Forty million. Twenty million each. “Nice,” I said.
Elias whistled.
“Now you see why I’m so opposed to this Russian venture. Rutherford Oil is solid as a rock, and for us to borrow five and a half billion could be disastrous. It’s too big a risk.”
“Tell me about the other major stockholders and where they stand.”
SIXTEEN
Mercedes slid a wide sheet of computer paper toward me. It was stamped in red with CONFIDENTIAL in six different places. At the same time, she pushed a remote and the information appeared on a large screen on the wall.
“We printed out a copy of this for you. As you can see, besides Alma and me there are only a handful of major individual and institutional investors who make up the remaining total shares of common stock.”
I scanned the list.
NAME # SHARES %
Bourbon, Johnny 50,000 2.5%
Entek Mutual Fund 50,000 2.5%
Fletcher, M. B. Trust 50,000 2.5%
Fletcher, Duke 50,000 2.5%
Gilhooly, Alma R. 700,000 35%
Gilhooly, Wade 50,000 2.5%
McGee, Kennedy 50,000 2.5%
Rutherford, Edith 25,000 1.25%
Rutherford, Mercedes 700,000 35%
SIBA Fund 175,000 8.75%
Less than 1 % — 375sh 100,000 5%
2,000,000 100%
What surprised me most was the size of Johnny Bourbon’s and Kennedy McGee’s holdings.

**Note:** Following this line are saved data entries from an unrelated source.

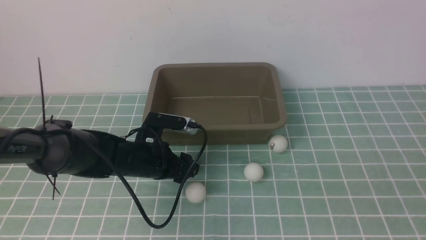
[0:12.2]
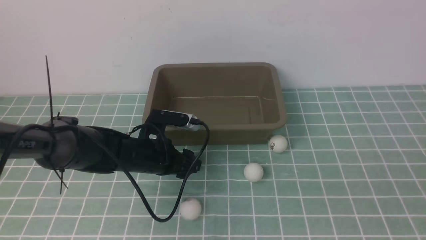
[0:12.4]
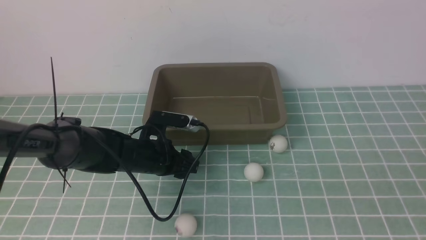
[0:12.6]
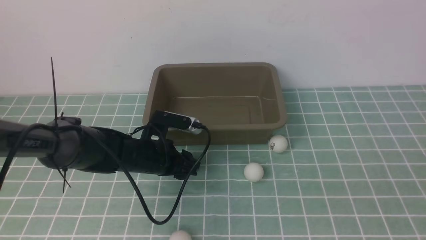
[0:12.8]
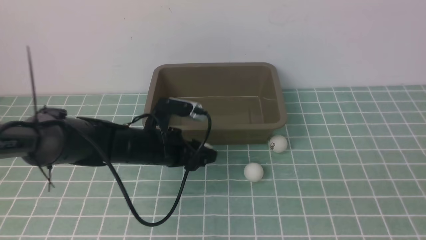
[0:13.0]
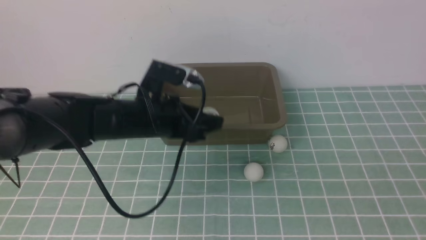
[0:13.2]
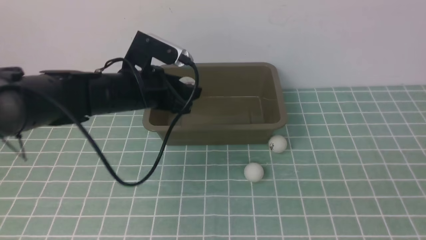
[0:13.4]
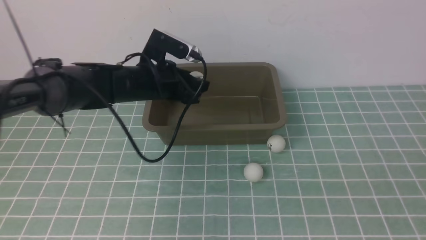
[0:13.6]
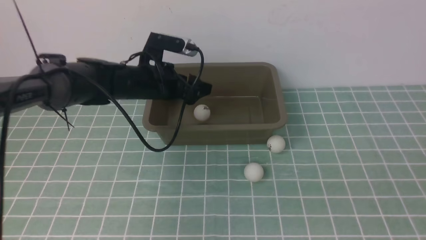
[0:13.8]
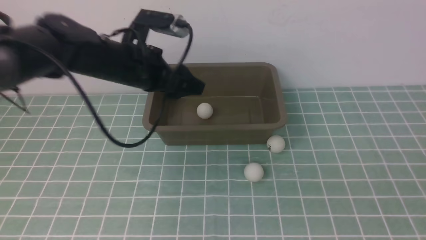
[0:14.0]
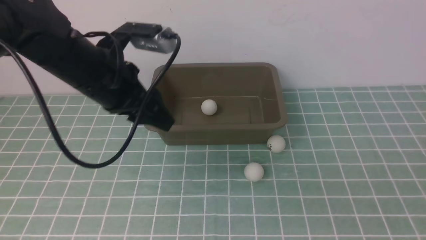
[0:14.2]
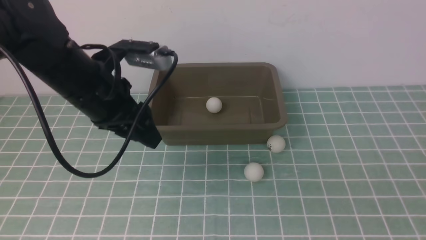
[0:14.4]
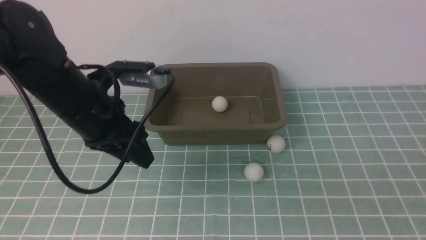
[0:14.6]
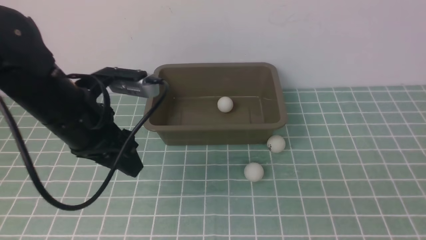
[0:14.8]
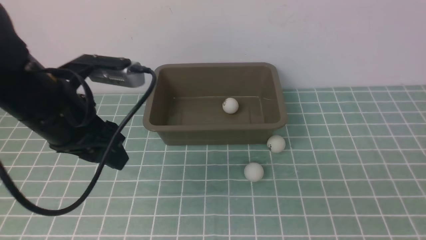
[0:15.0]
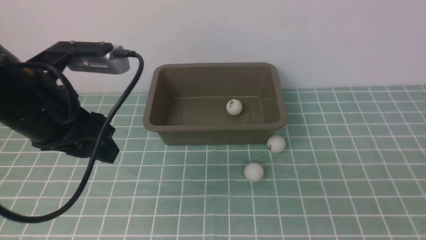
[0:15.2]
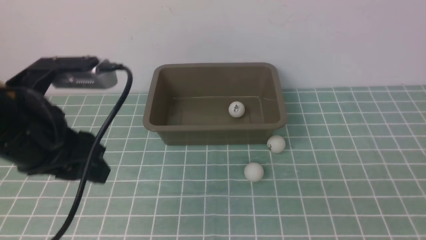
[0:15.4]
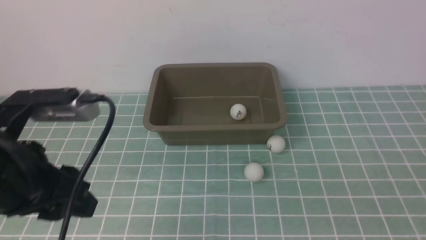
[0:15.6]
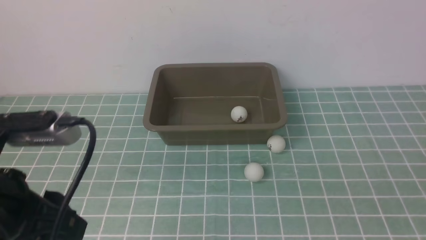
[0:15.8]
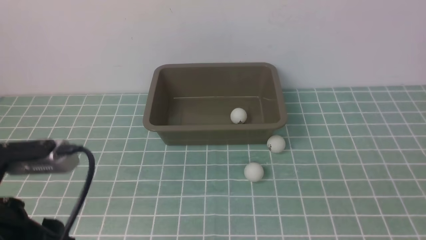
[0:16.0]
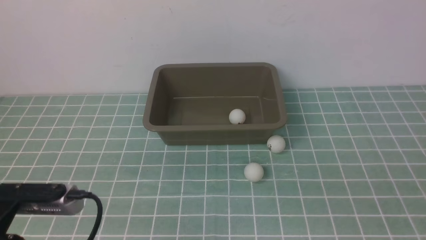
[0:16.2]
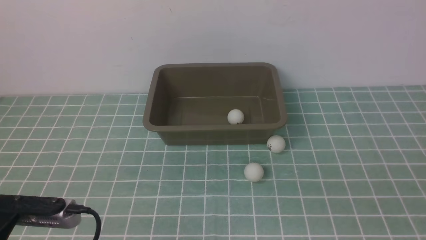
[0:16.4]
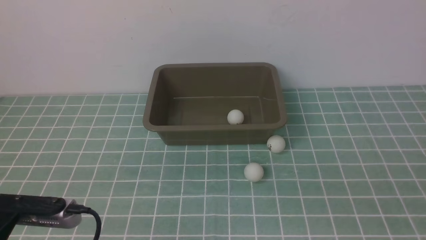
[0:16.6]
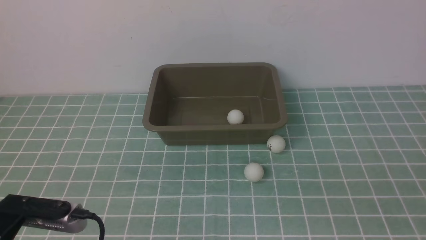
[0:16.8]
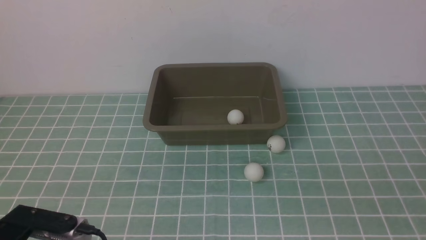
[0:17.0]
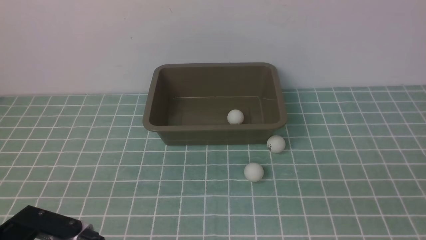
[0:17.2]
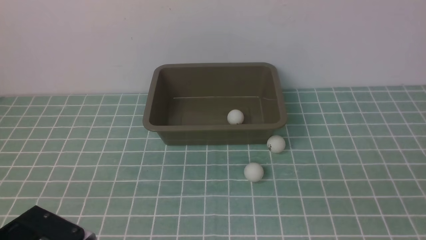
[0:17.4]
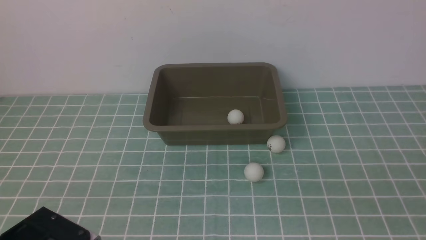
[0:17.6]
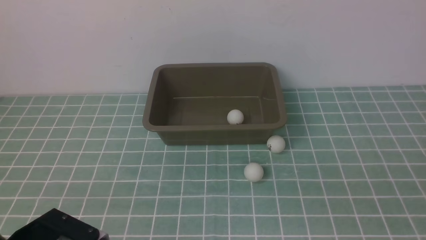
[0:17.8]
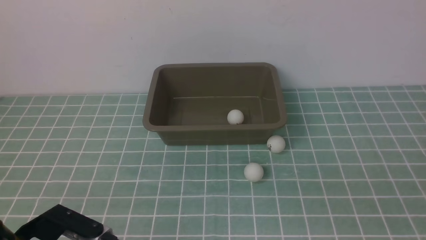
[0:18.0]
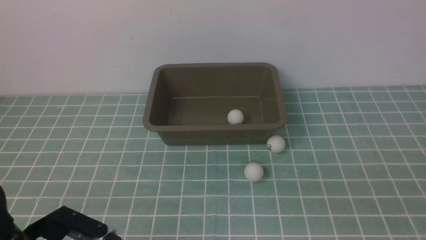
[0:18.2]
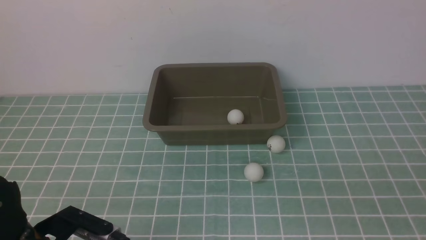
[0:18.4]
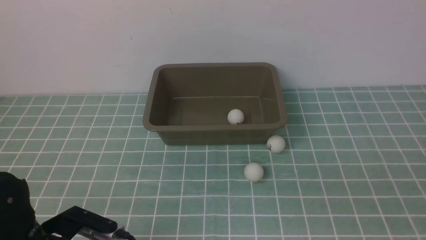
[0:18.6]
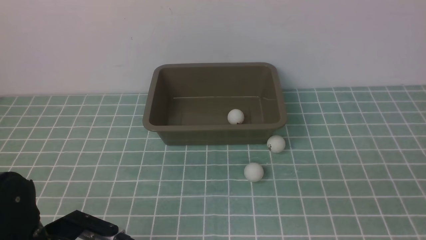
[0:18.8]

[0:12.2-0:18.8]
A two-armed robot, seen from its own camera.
Step, 0:13.4 to 0:14.0: use the left arm to put the table tennis ball into the box.
0:12.2 to 0:13.8: The left gripper shifts approximately 15 cm upward and forward.
0:13.8 to 0:15.4: The left gripper goes roughly 25 cm backward and upward, and closes its fingers.
0:15.4 to 0:17.2: The left gripper moves backward and downward, some 15 cm.
0:17.2 to 0:18.8: The left gripper travels downward and forward by some 10 cm.

They’d both implied their holdings were insignificant, when in fact they each owned two and a half percent, fifty thousand shares of Rutherford. Dividends of two hundred and fifty thousand a year. Not insignificant in any sense of the word. They held the same stock positions as Alma’s husband. I also wondered how Duke Fletcher and his late wife had come to have such a large position. A total of five percent.
Mercedes walked over and stood next to the projected image, staring up at it.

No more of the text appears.